Getting 'High' at the Repertory Theatre
This article first appeared in the St. Louis Beacon, Oct. 17, 2010 - To be drugged, drunk, flying or heaven-bound -- experiencing any kind of high that soars above pain, suffering and other earthly constraints -- is the goal of a trio of characters in Matthew Lombardo's "High," presented by the St. Louis Repertory Theatre.
Like verbal bookends, the declaration, "I want to be high," is uttered by Sister Jamison Connelly (Springfield, Mo., native Kathleen Turner) in both her opening and closing monologues.

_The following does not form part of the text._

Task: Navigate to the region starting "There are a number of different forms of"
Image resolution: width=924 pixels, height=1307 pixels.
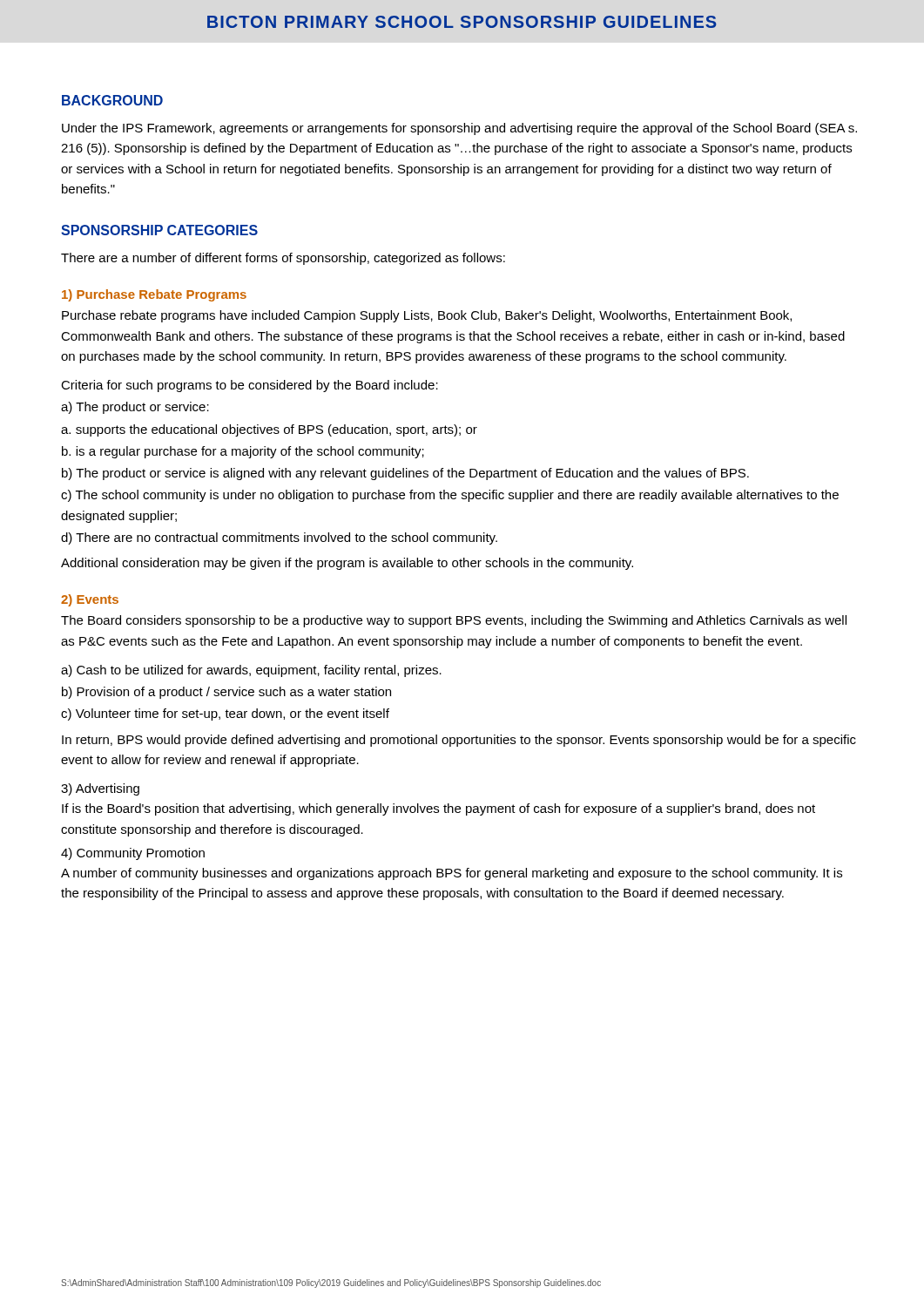Action: [283, 257]

But getting to that state, and living apart from it, are problematic for Sister Jamison as well as Father Michael Delpapp (Michael Berresse) and 19-year-old addict Cody Randall (Evan Jonigkeit), whose trek is tangled up in rape, murder and drugs. But Cody's is just a worse-case scenario.
"We all suffer from some form of addiction," proclaims Father Delpapp.
At the priest's insistence, Sister Jamison struggles to counsel Cody after he's found in a hotel bed with a 14-year-old sodomized boy who died from an overdose, the likes of which didn't kill Cody.
With a heavy literary shovel, Lombardo heaps upon Cody every sort of childhood horror: pimping out his addicted mother at the age of 7, jabbing the needle into her arm to end her anguished cries, being raped repeatedly by a man she brought into his life, being blamed and thrown out of the house for the one attack she saw.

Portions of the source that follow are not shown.